Elton John AIDS Foundation
- Founded: 1992; 34 years ago United States 1993 United Kingdom,
- Founder: Elton John
- Focus: HIV/AIDS
- Locations: New York City, New York, U.S.; London, England, U.K.; ;
- Website: eltonjohnaidsfoundation.org

= Elton John AIDS Foundation =

Organization

The Elton John AIDS Foundation (EJAF) is a nonprofit organization established by the British musician Elton John in 1992 in the United States and 1993 in the United Kingdom to support innovative HIV prevention, education programs, direct care and support services to people living with or at risk of HIV. It has raised over $565 million to support HIV-related programs across ninety countries.
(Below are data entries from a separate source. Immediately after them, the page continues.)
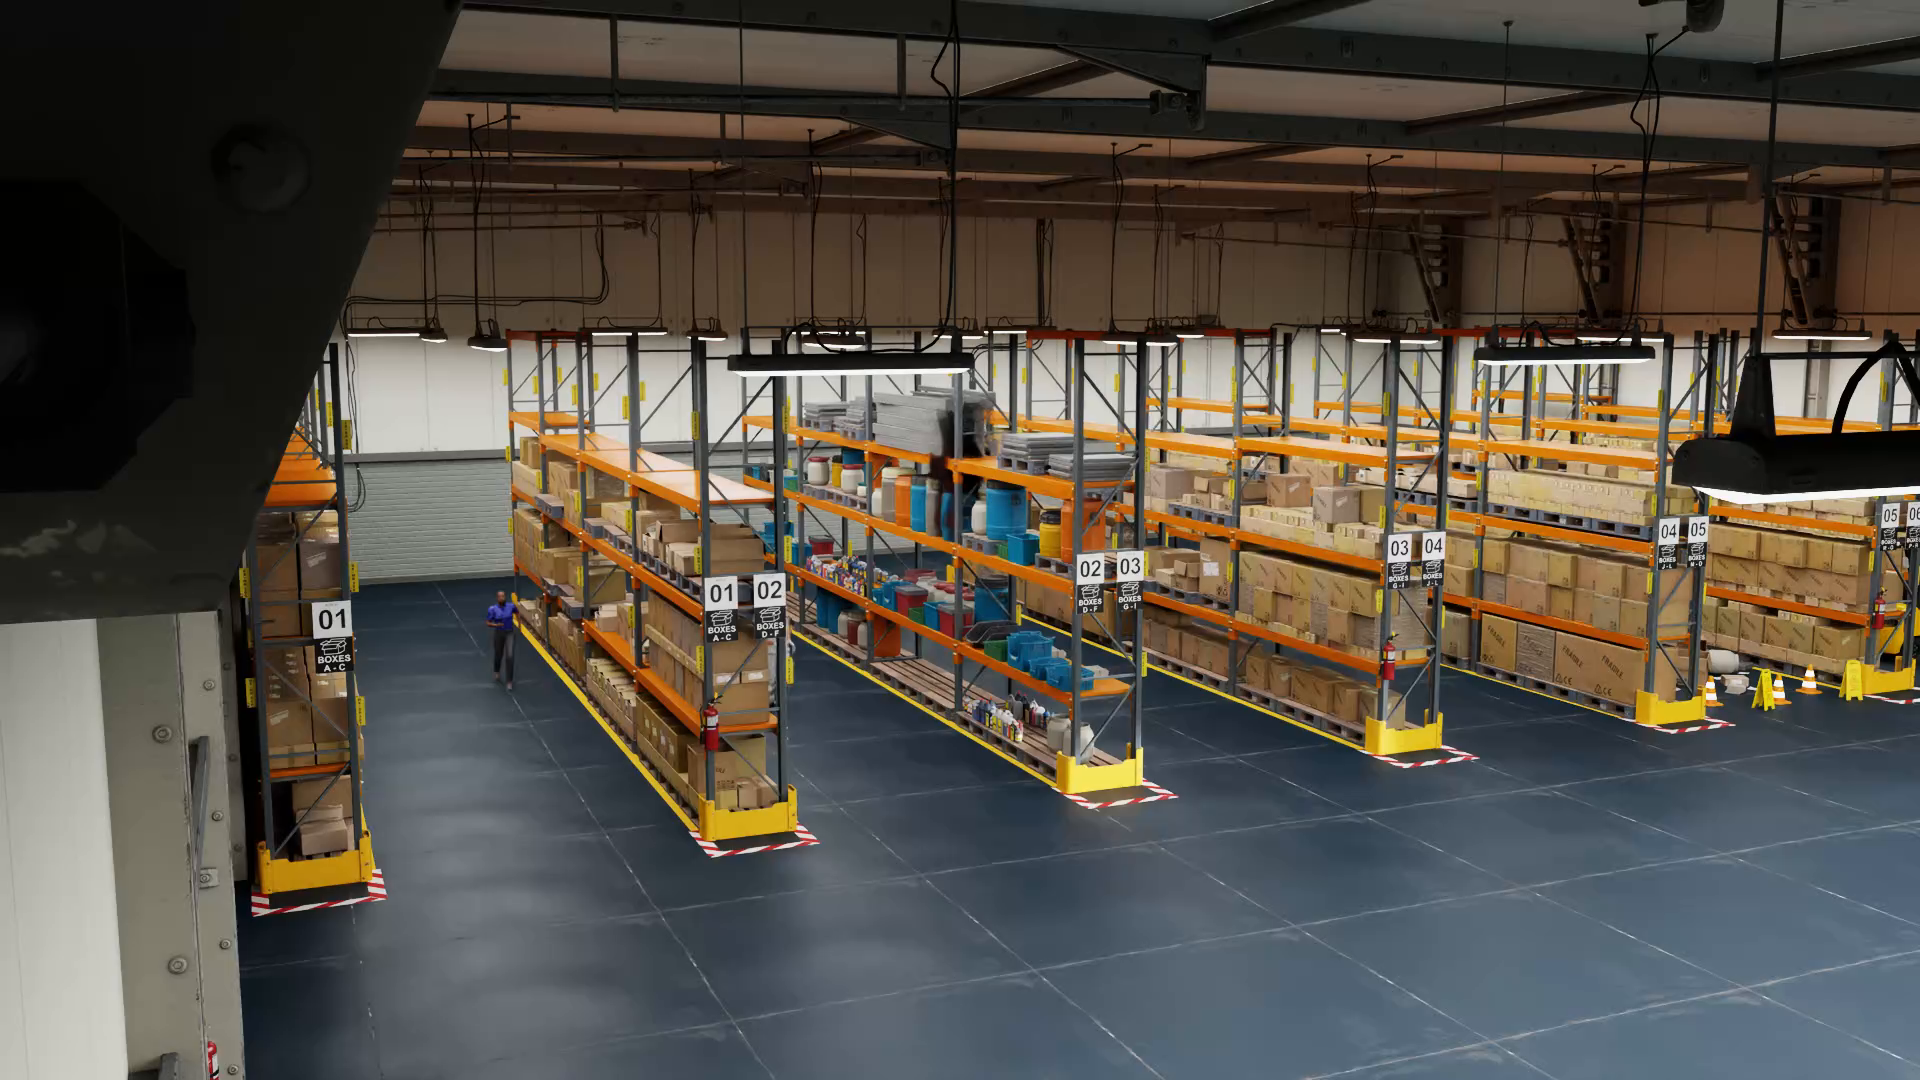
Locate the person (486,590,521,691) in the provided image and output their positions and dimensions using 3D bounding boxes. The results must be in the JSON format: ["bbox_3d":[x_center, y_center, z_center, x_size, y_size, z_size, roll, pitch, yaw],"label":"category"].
[{"bbox_3d":[-7.769,1.673,28.330,0.573,1.698,0.898,-2,8,-16],"label":"person"}]

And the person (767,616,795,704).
[{"bbox_3d":[-2.903,1.824,26.695,0.643,1.766,0.776,-4,9,-27],"label":"person"}]
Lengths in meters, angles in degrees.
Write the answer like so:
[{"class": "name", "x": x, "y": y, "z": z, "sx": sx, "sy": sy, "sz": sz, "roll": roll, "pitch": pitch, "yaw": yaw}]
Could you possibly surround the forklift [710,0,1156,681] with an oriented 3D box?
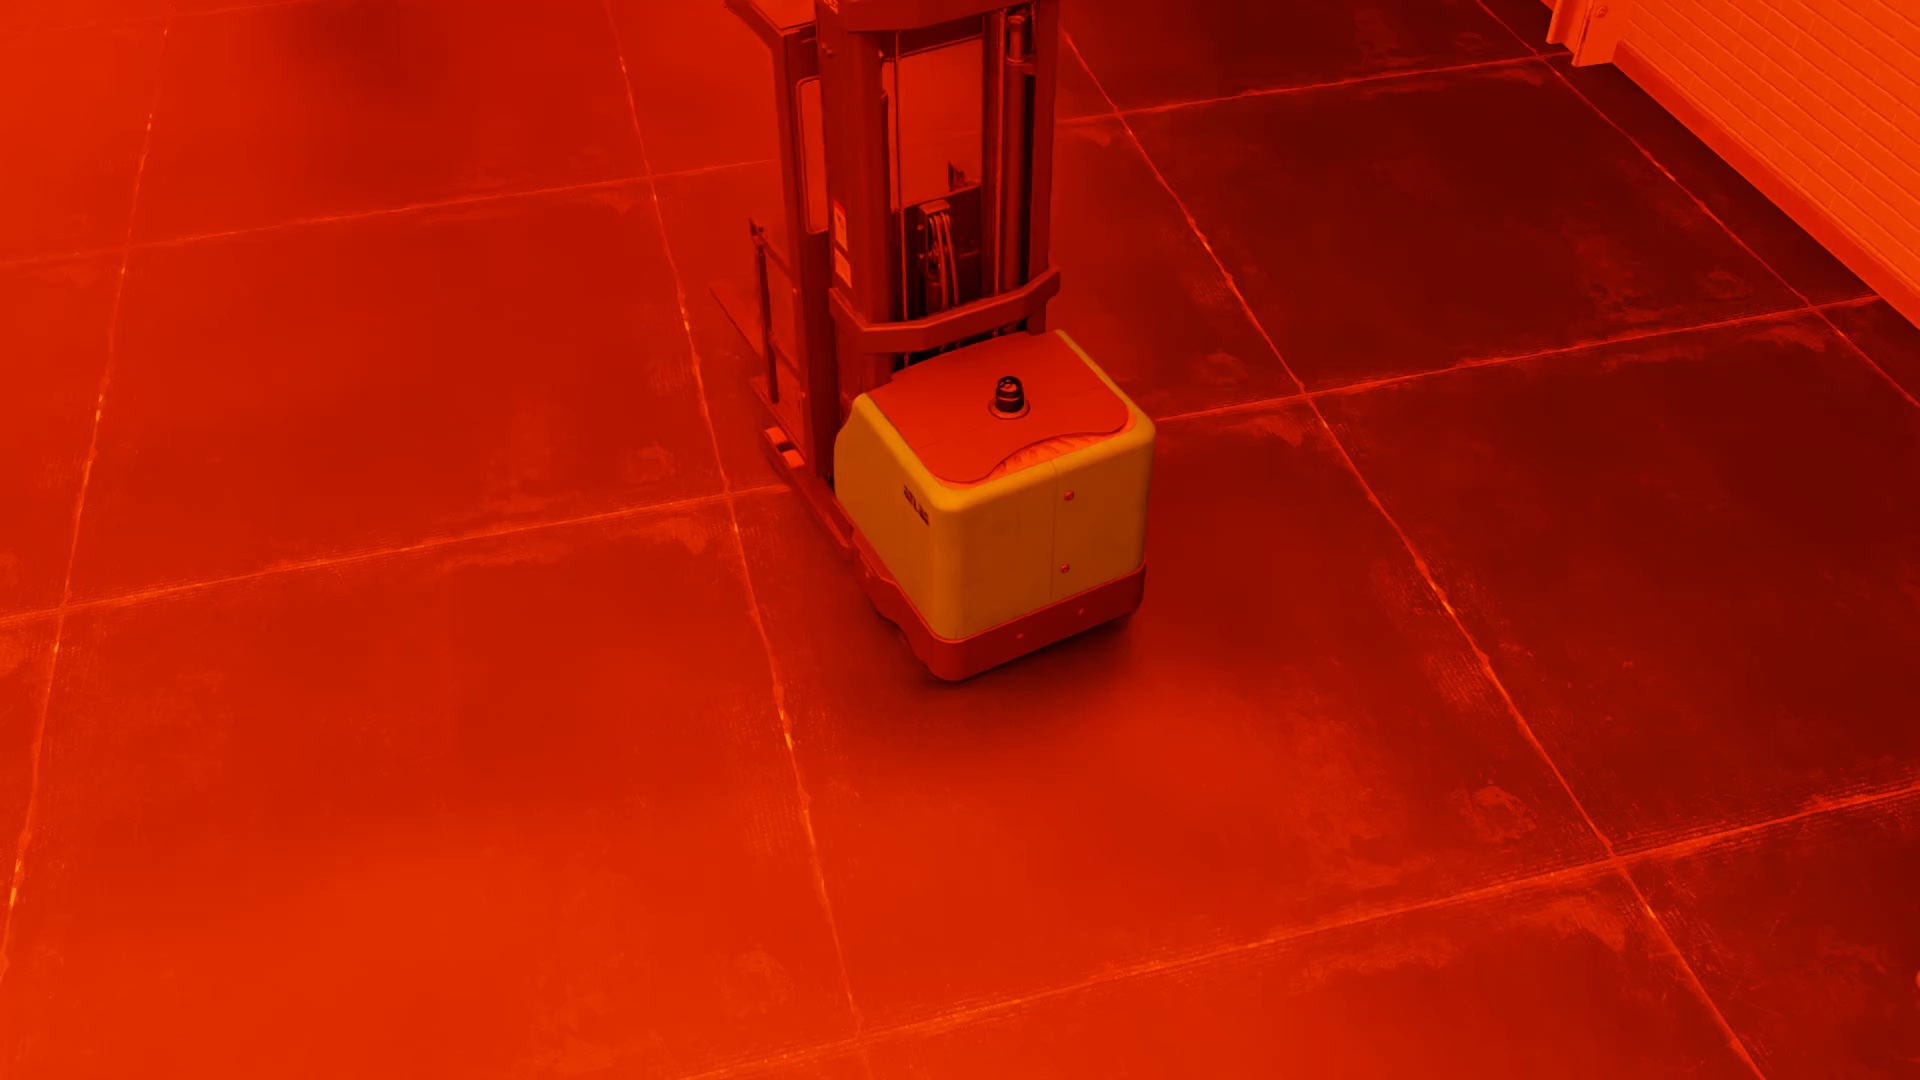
[{"class": "forklift", "x": -0.331, "y": -1.476, "z": 7.206, "sx": 1.130, "sy": 2.935, "sz": 3.031, "roll": -20, "pitch": 47, "yaw": -20}]
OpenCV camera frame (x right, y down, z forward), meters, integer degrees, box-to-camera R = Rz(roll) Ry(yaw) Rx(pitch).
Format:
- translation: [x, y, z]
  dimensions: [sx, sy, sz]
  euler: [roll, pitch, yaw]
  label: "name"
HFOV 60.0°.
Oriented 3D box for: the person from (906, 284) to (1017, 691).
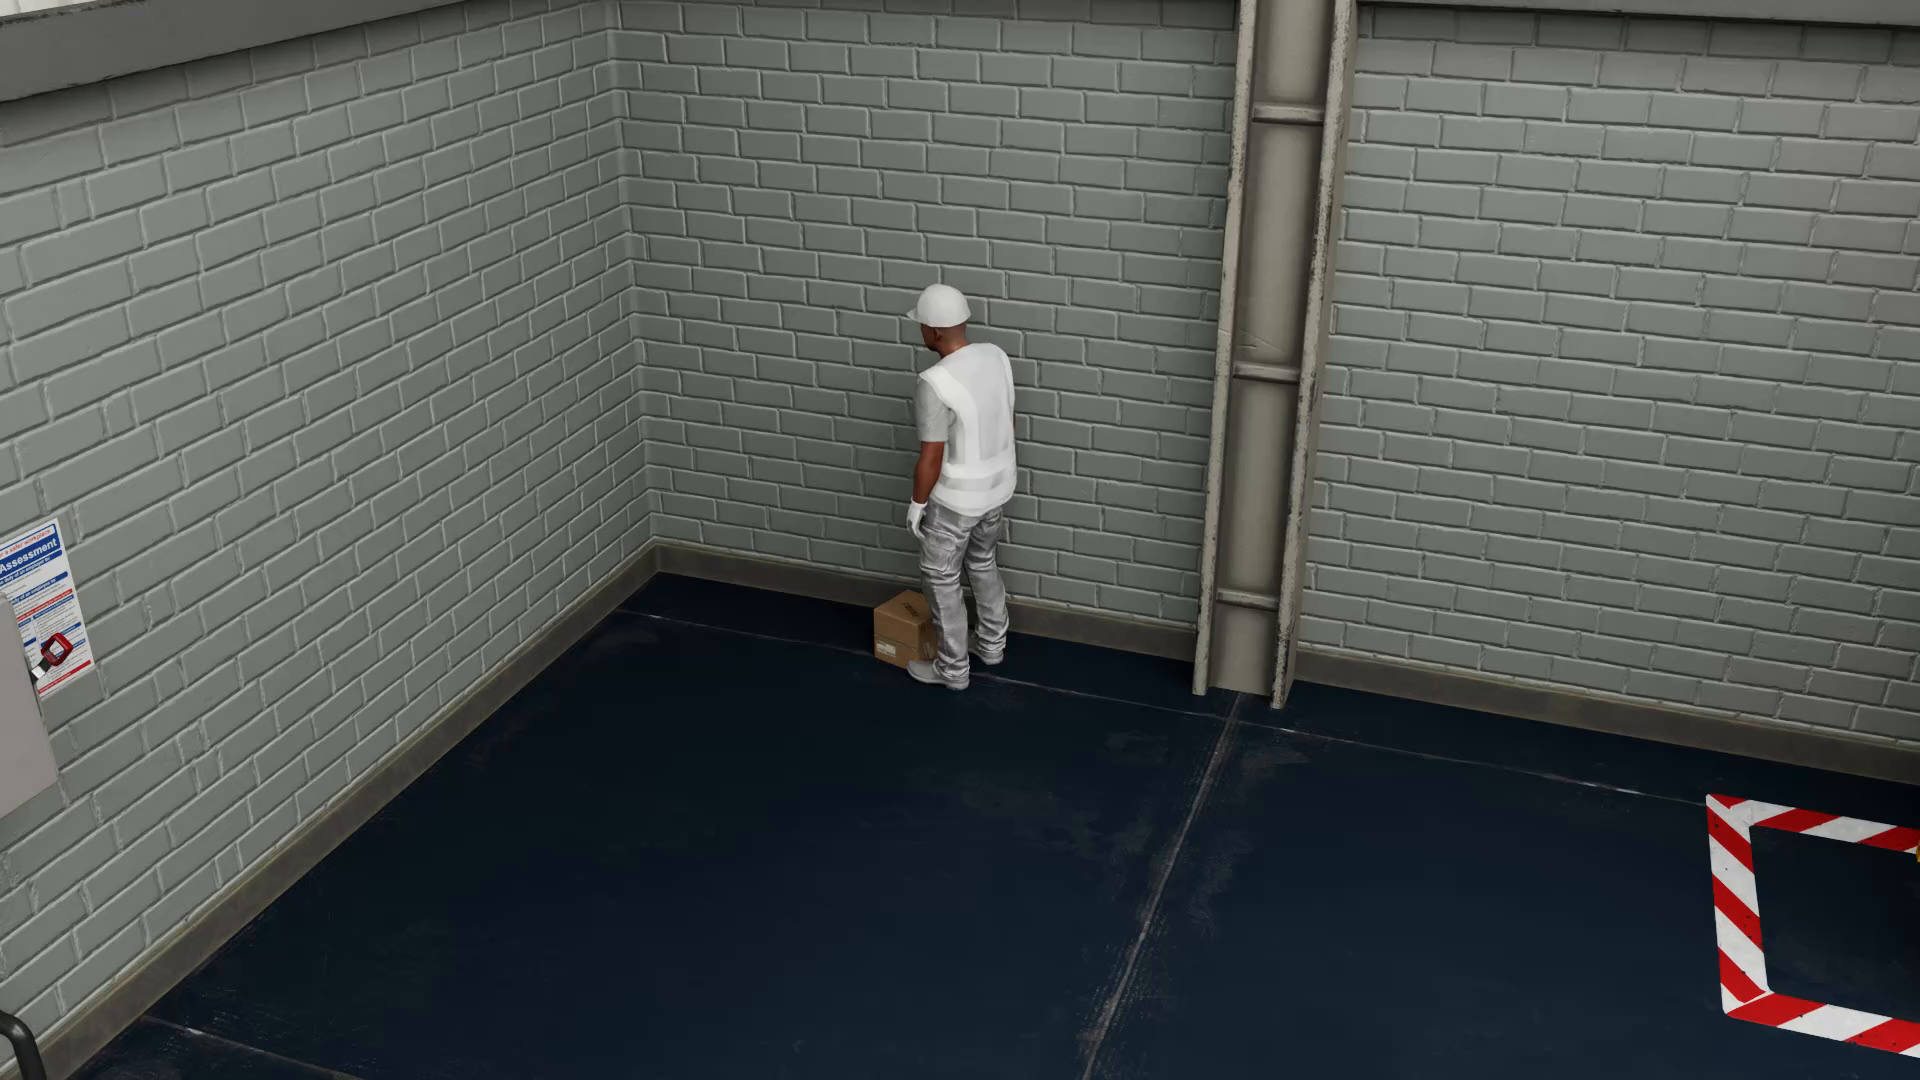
- translation: [-0.004, -0.218, 7.055]
  dimensions: [0.450, 1.773, 0.614]
  euler: [19, 31, 34]
  label: "person"
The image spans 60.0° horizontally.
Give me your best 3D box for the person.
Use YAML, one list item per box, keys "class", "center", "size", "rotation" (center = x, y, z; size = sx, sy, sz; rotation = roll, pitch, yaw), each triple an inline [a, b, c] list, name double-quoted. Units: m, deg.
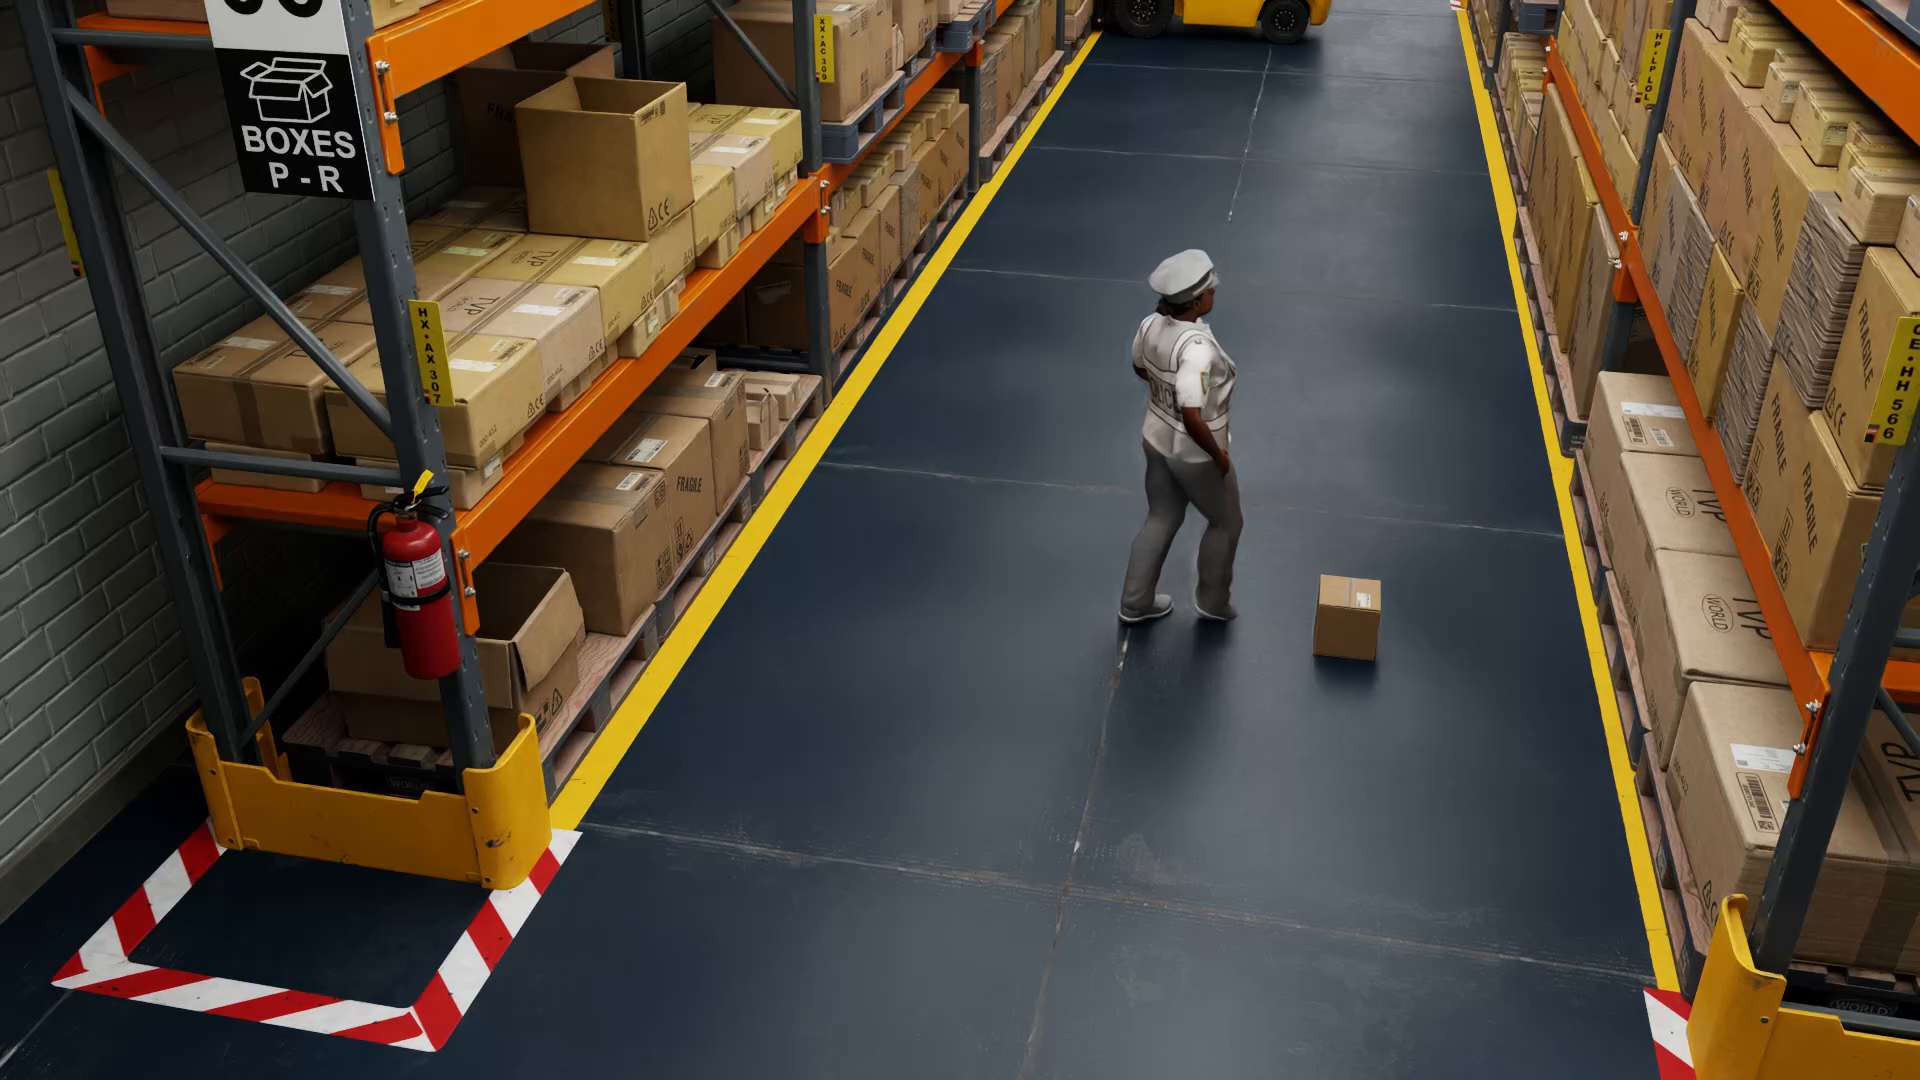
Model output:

The Elton John AIDS Foundation is in the top 10 philanthropic funders of HIV/AIDS grants worldwide, the second largest HIV-related philanthropic funder of LGBTQ+ communities, and number one philanthropic funder in Eastern Europe and Central Asia. The organization supports its work through proceeds from special events, cause-related marketing projects, and voluntary contributions from individuals, corporations and foundations. The organization has been well-known in Hollywood since 1993, when it began hosting the annual Elton John AIDS Foundation Academy Award Party.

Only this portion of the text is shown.